Opinion: AirTags can help find your stuff, but use something else to track kids, pets

Jim Rossman uses Apple AirTags to keep up with some things, including his keys, wallet and a suitcase. — Jim Rossman/TNS

My wife and I took an overnight trip with my mother-in-law this week to a casino hotel.

I use Apple AirTags to keep up with some of my things, including my keys, wallet and a suitcase.

This trip was a good test of how AirTags work for tracking things when you become separated from them.

My keys were at the valet stand overnight and I was able to see their approximate location in the Find My app on my phone.

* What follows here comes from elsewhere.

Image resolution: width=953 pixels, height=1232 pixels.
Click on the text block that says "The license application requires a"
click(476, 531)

My suitcase stayed in the room, but every time I left the room, I received a notification that I’d left the AirTag behind. This is exactly how AirTags were designed to work.

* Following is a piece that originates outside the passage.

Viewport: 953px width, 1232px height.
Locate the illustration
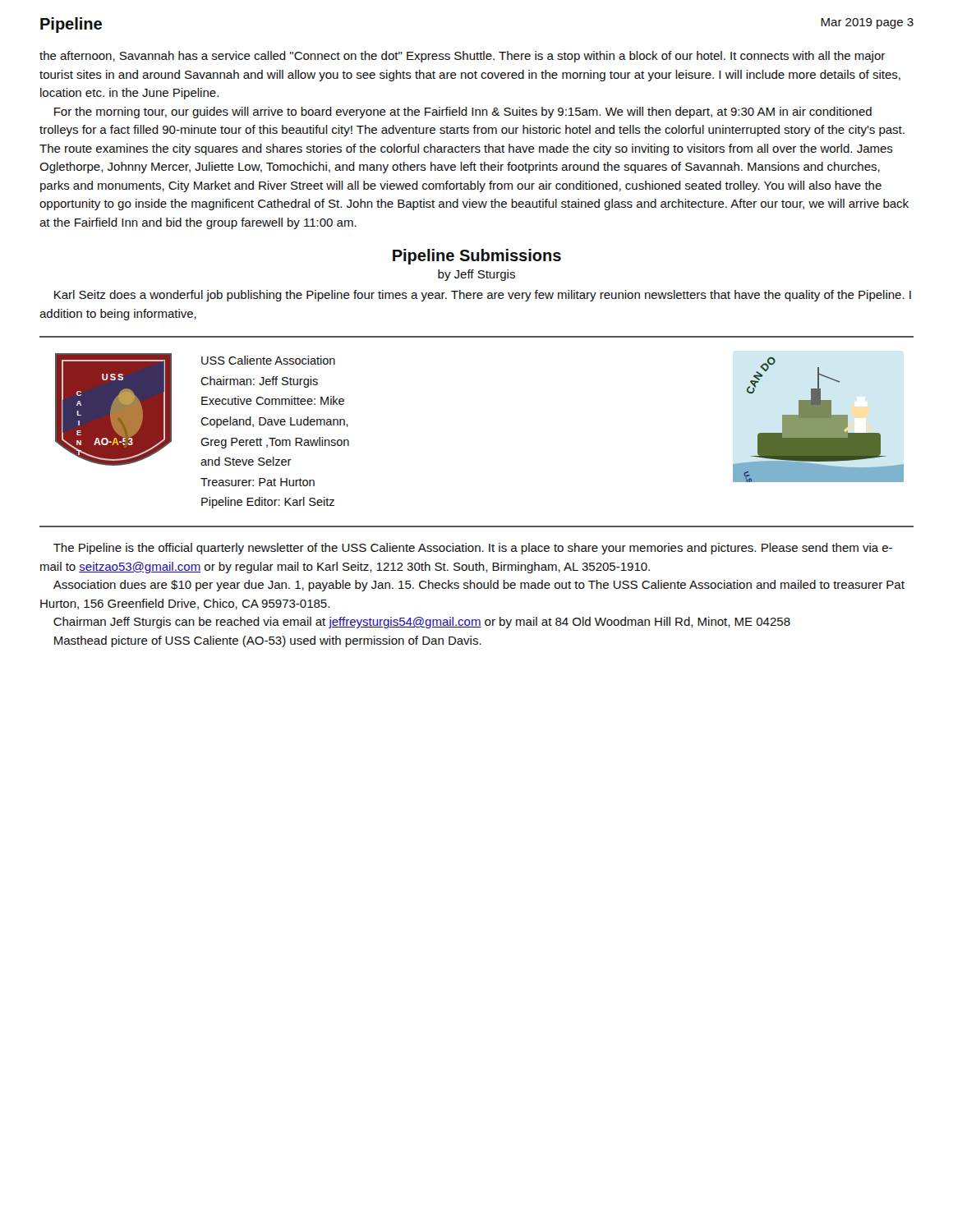818,416

I joked with my wife that we should slip an AirTag in my mother-in-law’s purse to keep track of her on the casino floor.

It wasn’t a bad idea, since she would have been in an enclosed area, and it could have helped us find her.

What about using an AirTag to track your pets or your kids?

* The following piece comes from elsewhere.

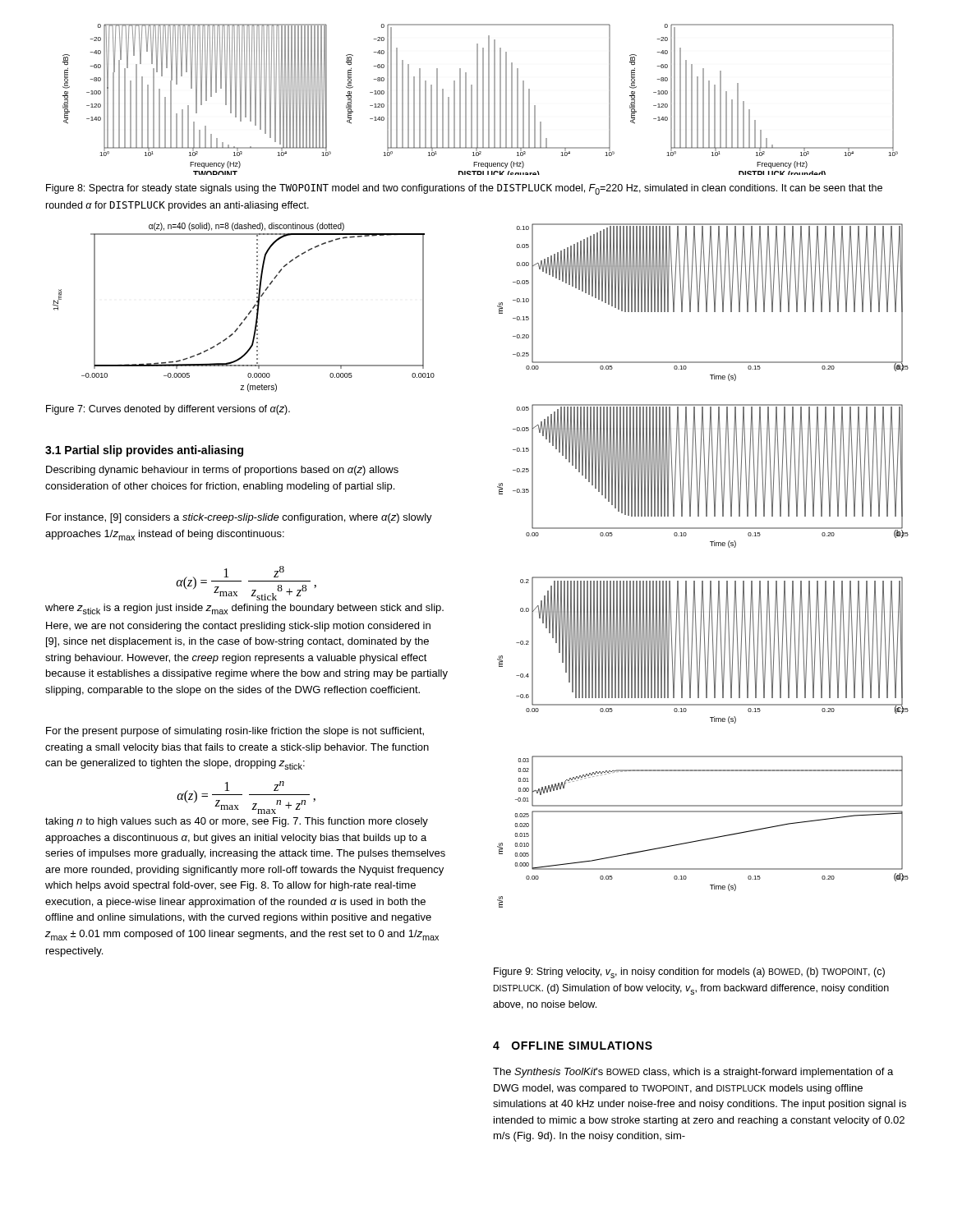Find the caption containing "Figure 9: String velocity,"
Image resolution: width=953 pixels, height=1232 pixels.
pyautogui.click(x=691, y=988)

Apple says AirTags were designed to track your stuff, not something that might be moving.

When you are separated from an AirTag, you’ll be notified of its current location when it comes into range of an anyone else’s iPhone, but if the AirTag is moving, it won’t be at that location for long.

This might be a good thing if your kid is lost in an area with lots of iPhone users, but won’t really help at all if they are lost on a hiking trip in the woods.

An AirTag would be a good choice to put on your kid’s backpack, which can help locate it if they leave it somewhere.

If you want live tracking of your kids, an Apple Watch is a better option. The $249 Apple Watch SE is perfect for kids, or adults.

What about pets? If your dog or cat gets out of your yard, an AirTag on their collar won’t track their location.

Your best hope will be to get a periodic update on their location if they come within 50 feet or so of someone with an iPhone. That information may be enough for you to find them, or at least know you are in the vicinity, but it won’t be tracking them in real time.

GPS-enabled trackers are available for your pet’s collar, but they can be expensive and you’ll need to charge them up pretty often.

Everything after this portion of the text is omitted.